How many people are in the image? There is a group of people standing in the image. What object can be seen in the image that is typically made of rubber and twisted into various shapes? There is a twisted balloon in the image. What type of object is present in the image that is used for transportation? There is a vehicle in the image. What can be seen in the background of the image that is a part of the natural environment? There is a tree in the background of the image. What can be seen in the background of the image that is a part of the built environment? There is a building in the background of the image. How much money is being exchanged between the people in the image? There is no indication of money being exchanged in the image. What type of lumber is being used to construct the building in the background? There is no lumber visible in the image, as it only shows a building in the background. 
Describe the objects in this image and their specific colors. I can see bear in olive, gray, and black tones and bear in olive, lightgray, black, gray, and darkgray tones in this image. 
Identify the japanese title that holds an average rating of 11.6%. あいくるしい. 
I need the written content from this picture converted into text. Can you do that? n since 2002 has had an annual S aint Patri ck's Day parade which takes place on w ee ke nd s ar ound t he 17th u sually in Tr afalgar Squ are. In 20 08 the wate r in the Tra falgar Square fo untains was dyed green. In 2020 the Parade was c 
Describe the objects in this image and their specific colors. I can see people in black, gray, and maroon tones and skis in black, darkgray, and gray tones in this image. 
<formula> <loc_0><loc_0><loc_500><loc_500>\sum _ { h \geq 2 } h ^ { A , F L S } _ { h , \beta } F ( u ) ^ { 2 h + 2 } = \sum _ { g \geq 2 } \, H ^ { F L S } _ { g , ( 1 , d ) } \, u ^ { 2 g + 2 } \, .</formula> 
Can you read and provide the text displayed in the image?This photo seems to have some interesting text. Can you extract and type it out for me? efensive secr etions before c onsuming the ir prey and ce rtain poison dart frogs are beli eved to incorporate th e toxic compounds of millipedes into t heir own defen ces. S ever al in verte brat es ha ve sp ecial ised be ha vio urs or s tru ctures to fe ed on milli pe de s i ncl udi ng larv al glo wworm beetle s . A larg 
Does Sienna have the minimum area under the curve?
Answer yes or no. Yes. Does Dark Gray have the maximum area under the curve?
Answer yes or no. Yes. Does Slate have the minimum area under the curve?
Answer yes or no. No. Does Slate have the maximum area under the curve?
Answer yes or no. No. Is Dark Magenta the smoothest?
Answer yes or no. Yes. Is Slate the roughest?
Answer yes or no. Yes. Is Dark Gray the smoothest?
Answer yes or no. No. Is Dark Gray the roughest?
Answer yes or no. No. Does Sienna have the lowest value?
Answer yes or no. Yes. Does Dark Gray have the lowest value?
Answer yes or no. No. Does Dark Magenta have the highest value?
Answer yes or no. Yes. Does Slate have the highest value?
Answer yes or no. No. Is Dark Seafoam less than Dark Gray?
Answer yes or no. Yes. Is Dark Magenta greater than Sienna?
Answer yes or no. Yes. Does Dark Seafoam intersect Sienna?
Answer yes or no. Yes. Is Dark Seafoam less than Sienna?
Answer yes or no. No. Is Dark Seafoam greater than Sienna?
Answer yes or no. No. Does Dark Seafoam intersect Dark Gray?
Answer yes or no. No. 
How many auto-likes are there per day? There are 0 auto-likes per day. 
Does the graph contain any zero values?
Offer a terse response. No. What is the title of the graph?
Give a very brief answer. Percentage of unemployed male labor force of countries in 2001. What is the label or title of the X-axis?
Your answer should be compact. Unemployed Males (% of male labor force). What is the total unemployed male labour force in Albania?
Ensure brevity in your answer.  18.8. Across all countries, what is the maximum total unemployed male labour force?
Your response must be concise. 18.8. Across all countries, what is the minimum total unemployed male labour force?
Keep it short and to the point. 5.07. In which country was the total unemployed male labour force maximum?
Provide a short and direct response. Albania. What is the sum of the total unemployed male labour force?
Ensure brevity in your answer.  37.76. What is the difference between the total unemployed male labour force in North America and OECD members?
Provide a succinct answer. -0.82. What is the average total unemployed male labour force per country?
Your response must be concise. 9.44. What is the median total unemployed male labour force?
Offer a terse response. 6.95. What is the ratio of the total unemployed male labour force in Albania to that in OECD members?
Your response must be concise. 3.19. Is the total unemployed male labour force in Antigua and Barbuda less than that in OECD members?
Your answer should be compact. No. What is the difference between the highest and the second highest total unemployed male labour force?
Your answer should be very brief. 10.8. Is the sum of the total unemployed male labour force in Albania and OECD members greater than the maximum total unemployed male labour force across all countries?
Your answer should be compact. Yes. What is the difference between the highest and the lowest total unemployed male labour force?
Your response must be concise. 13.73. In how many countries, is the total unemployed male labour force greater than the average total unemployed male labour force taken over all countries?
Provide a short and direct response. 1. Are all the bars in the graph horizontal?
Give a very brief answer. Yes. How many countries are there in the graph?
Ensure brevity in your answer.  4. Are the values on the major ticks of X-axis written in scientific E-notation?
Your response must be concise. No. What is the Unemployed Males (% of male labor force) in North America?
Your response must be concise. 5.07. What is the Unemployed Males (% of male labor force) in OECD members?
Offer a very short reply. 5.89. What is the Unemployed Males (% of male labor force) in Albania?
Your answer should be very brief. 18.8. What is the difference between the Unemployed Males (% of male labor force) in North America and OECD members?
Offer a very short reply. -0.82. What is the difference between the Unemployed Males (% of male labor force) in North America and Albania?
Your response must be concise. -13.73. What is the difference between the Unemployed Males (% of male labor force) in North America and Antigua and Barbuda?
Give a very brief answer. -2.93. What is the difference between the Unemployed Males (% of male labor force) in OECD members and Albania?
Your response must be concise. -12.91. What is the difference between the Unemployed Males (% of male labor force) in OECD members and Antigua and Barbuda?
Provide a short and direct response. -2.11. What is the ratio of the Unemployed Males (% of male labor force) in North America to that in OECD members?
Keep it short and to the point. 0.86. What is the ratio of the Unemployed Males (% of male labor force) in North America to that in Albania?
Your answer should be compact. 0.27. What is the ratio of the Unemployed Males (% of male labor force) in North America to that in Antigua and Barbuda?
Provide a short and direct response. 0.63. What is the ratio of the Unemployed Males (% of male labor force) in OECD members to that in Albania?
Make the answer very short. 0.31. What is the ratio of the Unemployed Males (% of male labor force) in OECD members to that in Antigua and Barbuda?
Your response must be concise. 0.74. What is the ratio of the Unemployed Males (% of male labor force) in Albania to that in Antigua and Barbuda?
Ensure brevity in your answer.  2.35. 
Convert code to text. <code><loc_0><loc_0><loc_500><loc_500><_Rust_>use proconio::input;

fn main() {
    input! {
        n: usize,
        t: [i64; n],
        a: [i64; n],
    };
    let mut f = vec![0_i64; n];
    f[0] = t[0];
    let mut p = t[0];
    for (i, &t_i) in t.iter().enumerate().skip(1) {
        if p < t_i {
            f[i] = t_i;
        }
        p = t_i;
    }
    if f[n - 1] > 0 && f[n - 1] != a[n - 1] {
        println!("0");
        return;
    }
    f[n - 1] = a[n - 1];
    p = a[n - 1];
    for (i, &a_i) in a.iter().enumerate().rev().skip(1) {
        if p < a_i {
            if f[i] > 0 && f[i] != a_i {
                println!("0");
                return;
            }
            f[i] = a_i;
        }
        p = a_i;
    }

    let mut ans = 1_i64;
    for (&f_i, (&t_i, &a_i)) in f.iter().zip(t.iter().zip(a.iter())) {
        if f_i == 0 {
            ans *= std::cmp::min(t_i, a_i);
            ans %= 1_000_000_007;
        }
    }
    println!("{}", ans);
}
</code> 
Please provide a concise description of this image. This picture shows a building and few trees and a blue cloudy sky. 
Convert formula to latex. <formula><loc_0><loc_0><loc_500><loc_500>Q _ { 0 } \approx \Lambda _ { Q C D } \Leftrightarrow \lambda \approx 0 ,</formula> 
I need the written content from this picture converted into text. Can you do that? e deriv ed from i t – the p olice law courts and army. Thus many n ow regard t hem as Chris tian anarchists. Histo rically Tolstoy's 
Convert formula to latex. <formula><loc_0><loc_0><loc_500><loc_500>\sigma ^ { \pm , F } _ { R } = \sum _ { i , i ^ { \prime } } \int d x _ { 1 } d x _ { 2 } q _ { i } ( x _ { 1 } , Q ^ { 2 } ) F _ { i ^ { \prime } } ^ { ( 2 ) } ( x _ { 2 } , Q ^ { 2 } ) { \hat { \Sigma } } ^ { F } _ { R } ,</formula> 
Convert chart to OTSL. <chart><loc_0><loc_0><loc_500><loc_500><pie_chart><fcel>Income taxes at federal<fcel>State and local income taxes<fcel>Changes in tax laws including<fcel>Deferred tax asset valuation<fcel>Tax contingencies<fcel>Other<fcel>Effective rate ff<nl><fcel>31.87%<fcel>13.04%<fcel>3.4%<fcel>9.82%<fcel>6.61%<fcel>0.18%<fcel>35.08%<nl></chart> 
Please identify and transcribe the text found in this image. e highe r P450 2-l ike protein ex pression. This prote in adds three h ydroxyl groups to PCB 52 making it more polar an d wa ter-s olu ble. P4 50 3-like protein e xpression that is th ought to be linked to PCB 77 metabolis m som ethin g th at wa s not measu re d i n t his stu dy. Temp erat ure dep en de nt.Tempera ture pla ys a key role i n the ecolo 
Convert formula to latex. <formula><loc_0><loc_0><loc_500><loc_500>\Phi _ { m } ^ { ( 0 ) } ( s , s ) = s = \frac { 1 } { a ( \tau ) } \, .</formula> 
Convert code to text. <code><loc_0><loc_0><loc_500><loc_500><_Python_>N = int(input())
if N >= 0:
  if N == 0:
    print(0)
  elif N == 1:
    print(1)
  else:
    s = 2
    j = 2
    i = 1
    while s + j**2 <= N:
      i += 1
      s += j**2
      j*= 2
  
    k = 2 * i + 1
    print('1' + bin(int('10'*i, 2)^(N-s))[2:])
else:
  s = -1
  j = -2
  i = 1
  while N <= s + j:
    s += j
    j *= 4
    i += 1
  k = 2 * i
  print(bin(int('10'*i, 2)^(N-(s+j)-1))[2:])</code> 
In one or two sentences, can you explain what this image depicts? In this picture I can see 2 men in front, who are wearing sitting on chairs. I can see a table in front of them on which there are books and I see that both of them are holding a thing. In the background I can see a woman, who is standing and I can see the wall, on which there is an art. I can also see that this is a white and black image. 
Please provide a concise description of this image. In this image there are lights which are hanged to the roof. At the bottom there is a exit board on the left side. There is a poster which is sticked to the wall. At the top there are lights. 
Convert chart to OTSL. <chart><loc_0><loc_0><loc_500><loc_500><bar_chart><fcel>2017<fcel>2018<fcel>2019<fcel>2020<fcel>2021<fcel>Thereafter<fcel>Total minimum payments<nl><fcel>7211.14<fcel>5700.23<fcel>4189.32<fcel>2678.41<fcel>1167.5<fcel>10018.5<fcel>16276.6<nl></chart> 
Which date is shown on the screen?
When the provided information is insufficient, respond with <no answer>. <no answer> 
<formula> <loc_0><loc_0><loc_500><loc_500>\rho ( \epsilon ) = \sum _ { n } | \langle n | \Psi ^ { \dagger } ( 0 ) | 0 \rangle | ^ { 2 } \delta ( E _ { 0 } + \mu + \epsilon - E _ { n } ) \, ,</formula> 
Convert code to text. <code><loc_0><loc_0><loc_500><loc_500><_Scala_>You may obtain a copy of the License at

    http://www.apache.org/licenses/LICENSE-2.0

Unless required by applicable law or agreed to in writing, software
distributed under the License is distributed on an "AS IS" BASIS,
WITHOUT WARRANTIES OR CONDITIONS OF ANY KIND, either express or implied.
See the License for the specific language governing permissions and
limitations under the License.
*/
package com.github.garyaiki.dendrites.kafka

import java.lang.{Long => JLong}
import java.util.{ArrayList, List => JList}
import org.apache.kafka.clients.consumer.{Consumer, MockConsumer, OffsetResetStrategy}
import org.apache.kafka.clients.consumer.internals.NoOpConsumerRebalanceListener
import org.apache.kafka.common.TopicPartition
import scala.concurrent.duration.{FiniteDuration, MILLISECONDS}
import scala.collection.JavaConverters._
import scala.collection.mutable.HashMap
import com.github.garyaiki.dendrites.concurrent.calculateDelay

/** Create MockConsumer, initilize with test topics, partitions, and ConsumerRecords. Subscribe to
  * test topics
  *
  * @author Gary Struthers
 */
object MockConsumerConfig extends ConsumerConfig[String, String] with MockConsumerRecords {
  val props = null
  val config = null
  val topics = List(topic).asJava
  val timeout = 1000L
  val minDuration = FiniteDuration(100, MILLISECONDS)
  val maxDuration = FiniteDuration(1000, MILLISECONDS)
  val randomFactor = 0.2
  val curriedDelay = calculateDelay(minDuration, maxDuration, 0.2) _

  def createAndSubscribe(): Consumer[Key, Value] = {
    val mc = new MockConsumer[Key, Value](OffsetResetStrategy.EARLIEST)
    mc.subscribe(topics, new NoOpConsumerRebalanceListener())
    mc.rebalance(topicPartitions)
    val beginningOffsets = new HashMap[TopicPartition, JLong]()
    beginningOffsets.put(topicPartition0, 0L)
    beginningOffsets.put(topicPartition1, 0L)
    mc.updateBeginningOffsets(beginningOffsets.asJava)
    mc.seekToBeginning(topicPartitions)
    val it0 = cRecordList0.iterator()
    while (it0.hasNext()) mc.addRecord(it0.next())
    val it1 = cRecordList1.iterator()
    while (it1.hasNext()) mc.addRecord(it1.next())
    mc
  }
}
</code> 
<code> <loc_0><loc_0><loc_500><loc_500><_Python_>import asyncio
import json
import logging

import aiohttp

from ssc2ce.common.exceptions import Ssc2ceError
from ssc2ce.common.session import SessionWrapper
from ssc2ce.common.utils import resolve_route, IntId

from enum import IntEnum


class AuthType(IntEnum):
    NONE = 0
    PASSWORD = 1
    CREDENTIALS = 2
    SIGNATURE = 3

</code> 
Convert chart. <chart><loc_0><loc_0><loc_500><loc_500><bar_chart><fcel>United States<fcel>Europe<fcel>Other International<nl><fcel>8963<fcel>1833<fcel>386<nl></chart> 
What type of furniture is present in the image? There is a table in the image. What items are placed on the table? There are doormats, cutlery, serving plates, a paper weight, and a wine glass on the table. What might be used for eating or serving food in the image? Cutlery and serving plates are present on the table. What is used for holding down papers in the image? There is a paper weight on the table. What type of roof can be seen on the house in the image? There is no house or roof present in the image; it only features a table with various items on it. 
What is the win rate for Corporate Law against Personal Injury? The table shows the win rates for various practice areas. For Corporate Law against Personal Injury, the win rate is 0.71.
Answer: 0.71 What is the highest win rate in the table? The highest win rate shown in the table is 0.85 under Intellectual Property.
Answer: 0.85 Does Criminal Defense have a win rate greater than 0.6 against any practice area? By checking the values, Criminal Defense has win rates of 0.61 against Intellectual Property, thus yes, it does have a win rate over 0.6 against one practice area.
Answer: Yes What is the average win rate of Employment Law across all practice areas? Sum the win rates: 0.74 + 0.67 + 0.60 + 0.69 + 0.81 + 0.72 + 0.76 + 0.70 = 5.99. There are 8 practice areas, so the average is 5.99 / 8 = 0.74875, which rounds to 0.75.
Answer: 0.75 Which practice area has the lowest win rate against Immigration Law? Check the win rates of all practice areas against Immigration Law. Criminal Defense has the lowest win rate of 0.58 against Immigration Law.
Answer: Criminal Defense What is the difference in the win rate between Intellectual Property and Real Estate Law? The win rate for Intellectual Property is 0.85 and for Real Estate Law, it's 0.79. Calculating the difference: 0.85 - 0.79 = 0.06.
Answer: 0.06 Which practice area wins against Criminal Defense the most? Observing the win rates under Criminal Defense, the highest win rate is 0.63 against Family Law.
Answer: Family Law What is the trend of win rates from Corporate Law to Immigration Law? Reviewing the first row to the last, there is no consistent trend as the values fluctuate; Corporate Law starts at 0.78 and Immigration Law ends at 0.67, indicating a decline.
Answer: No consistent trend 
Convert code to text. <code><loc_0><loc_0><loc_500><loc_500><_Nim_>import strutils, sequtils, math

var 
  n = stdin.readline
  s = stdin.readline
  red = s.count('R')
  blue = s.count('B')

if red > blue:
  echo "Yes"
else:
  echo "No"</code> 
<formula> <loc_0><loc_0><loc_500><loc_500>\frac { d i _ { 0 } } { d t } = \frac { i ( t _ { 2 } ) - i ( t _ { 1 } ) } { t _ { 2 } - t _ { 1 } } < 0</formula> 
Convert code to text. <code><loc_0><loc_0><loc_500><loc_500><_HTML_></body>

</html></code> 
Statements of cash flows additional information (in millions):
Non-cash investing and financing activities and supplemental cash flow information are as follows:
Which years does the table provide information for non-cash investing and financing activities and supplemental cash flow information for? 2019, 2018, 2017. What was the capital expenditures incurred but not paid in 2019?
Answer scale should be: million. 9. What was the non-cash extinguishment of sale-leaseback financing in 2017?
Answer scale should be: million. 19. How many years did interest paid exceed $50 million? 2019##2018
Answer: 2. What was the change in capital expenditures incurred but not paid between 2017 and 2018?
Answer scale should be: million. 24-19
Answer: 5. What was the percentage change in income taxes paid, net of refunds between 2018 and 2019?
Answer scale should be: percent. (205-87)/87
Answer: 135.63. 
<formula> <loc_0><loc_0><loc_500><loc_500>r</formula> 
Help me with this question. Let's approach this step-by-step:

..............................

PROBLEM DESCRIPTION:
Where a line of the records contains the word "Describe", count it; state only the final tally.

RESPONSE BELOW:
2